Records from a collection:

########################################

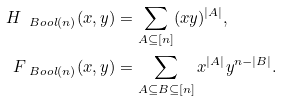Convert formula to latex. <formula><loc_0><loc_0><loc_500><loc_500>H _ { \ B o o l ( n ) } ( x , y ) & = \sum _ { A \subseteq [ n ] } ( x y ) ^ { | A | } , \\ F _ { \ B o o l ( n ) } ( x , y ) & = \sum _ { A \subseteq B \subseteq [ n ] } x ^ { | A | } y ^ { n - | B | } .</formula> 
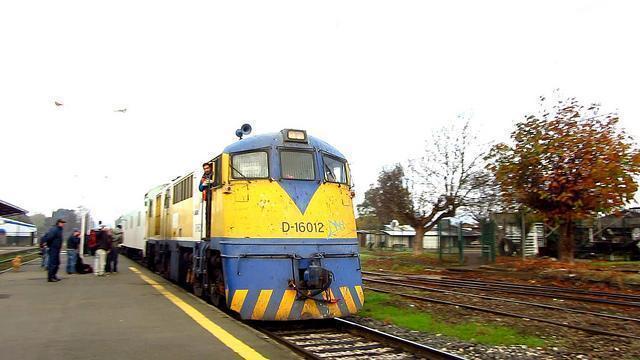What are the people waiting to do?
Indicate the correct response by choosing from the four available options to answer the question.
Options: Pay, eat, play, board. Board. 
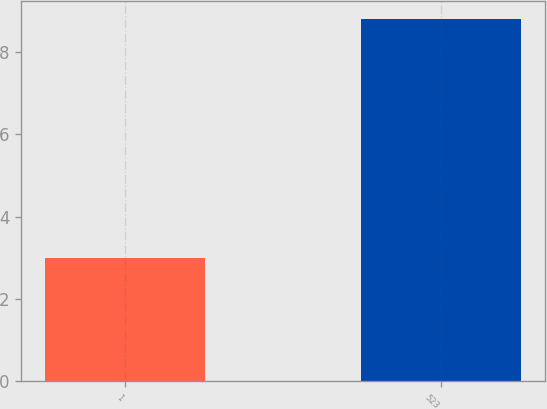Convert chart to OTSL. <chart><loc_0><loc_0><loc_500><loc_500><bar_chart><fcel>1<fcel>523<nl><fcel>3<fcel>8.8<nl></chart> 
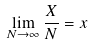Convert formula to latex. <formula><loc_0><loc_0><loc_500><loc_500>\lim _ { N \to \infty } \frac { X } { N } = x</formula> 
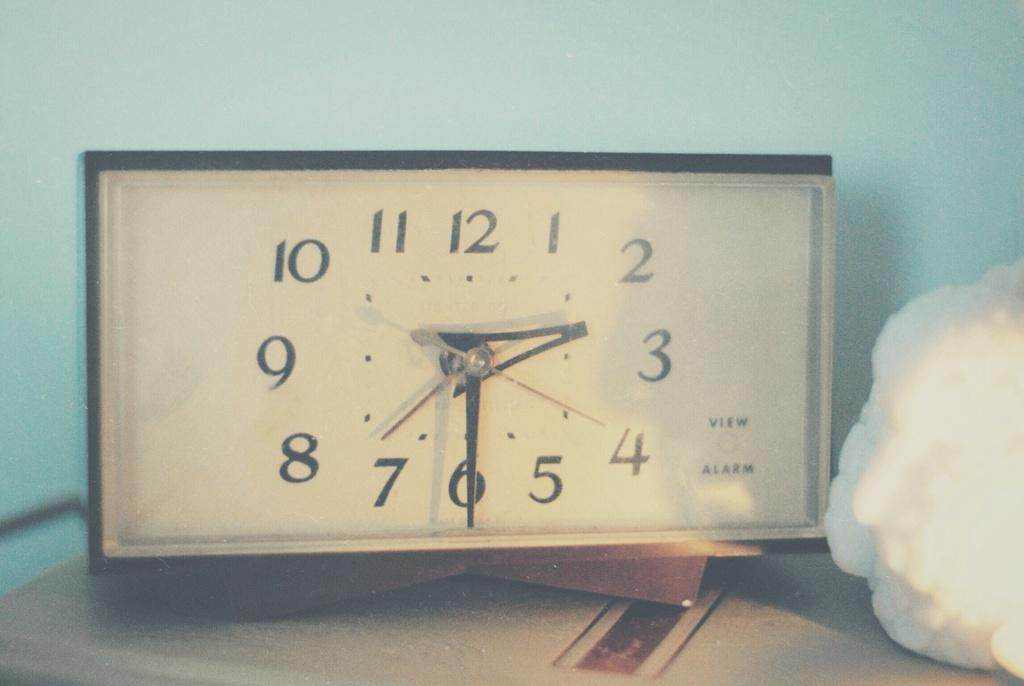<image>
Present a compact description of the photo's key features. The alarm is set for 2:30 and set on the table 
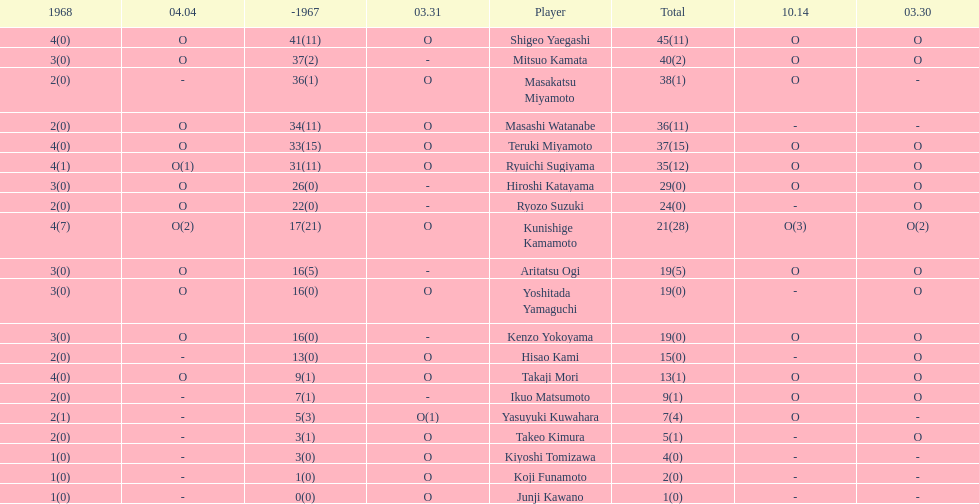How many points did takaji mori have? 13(1). And how many points did junji kawano have? 1(0). To who does the higher of these belong to? Takaji Mori.

########################################

Nothing but the lines from the one with "Present a compact" through the end of the entries above, both included, should be set down, exactly and without pictures.

Present a compact description of the photo's key features. The alarm is set for 2:30 and set on the table 
How many points did takaji mori have? 13(1). And how many points did junji kawano have? 1(0). To who does the higher of these belong to? Takaji Mori.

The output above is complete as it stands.